PERHAPS it’s the rugged looks, retro shape and styling cues or the high driving position that allows one to lord over other road users – but there’s something awfully cool about the Jeep Wrangler.

One can easily fall in love with the Wrangler’s honesty: it doesn’t masquerade as a “Crossover” or something else with a new-fangled niche title. Simply, it’s a 4×4 for the modern era, that hasn’t forgotten where it came from: in design and functionality, the Wrangler shows respect to its progenitor that started it all – the original CJ – or “Civilian Jeep”.

We’ve had many opportunities to sample this iconic Jeep, and one of our most memorable encounters behind the wheel happened earlier in the year, in Nelspruit.

We attended the launch of the revised Wrangler – and the torrential rain and flash floods provided a setting conducive to the kind of adventure that Jeep products have become famous for throughout the world.

The most significant changes on this 2012 Jeep Wrangler are underneath the hood, where a new, more powerful engine features. This new engine also claims to be more efficient, but let’s face it: one can hardly expect single-digit consumption figures from an engine of this size.

The new engine produces 209-kilowatts and 347 Newton metres of torque, so one isn’t in need when it comes to power. The model we drove featured a manual transmission, which offered an involving – somewhat laboring – driving experience. The gearstick is tall, much like the variety you would find on a truck, and shifts are clunky and connected.

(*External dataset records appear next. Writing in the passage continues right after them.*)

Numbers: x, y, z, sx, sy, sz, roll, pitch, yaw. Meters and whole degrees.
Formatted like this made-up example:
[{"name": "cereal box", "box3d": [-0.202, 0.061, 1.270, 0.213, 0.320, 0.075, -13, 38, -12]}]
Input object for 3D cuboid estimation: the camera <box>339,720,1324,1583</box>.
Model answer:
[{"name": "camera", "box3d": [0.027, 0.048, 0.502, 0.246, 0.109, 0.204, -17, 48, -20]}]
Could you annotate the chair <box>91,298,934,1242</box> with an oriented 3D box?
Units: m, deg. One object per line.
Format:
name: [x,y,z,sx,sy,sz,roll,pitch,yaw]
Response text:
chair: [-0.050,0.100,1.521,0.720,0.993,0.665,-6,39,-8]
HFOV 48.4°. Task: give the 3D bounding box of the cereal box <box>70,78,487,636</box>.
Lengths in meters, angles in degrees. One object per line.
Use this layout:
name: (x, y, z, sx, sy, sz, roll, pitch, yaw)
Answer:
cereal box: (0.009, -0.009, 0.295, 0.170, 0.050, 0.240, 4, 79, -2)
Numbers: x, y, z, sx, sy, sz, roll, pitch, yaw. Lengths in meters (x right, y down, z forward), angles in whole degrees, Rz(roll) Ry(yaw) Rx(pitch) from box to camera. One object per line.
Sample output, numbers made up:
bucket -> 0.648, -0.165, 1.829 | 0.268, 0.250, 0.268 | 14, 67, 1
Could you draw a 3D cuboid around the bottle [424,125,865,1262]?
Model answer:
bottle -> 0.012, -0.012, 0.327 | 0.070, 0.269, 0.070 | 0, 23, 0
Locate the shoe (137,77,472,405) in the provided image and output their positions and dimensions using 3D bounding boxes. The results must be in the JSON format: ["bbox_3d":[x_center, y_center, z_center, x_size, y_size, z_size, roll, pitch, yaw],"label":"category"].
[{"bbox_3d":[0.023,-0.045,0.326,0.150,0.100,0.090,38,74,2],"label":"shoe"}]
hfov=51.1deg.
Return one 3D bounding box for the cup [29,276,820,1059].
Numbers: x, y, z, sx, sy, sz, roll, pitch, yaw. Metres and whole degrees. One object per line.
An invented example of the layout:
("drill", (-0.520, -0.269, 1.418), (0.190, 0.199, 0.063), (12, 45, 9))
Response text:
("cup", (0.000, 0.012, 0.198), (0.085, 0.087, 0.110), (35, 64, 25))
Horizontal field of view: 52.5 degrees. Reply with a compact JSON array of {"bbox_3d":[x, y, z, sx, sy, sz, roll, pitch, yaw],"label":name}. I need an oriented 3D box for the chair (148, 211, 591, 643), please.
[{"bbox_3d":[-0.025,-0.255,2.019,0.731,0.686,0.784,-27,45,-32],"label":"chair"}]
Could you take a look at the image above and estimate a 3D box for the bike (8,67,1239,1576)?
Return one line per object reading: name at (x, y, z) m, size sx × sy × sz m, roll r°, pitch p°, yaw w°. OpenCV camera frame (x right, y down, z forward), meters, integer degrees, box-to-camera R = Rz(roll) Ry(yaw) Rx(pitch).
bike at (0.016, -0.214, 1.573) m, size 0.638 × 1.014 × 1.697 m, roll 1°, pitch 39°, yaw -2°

The steering is surprisingly light,

One can feel the height of the Wrangler in the corners, where it tends to lean and bit. If you’re driving in heavy crosswinds as we were in Nelspruit, you can feel the unnerving effects on the Wrangler’s body.  But, remember, the Wrangler is geared towards serious off-road driving, so it’s on-road dynamics are forgivable. You can also have an automatic transmission, which we think would make more sense in Johannesburg traffic.

Inside the Wrangler you’ll find a simplistic layout, although all the modern niceties are there. You get electric windows, air-condition, and even a colour screen interface with accommodation for your USB memory stick. While it might not be as plush as something like the Grand Cherokee, the Wrangler’s interior is functional and user-friendly.

The Wrangler remains a niche offering for those true off-road enthusiasts, and it has things pretty much all to itself in this regard – perhaps rivaled only by the Land Rover Defender.

Pricing starts off at R369 990 for the Wrangler Sahara, and for the Wrangler Unlimited you’ll pay R414 990.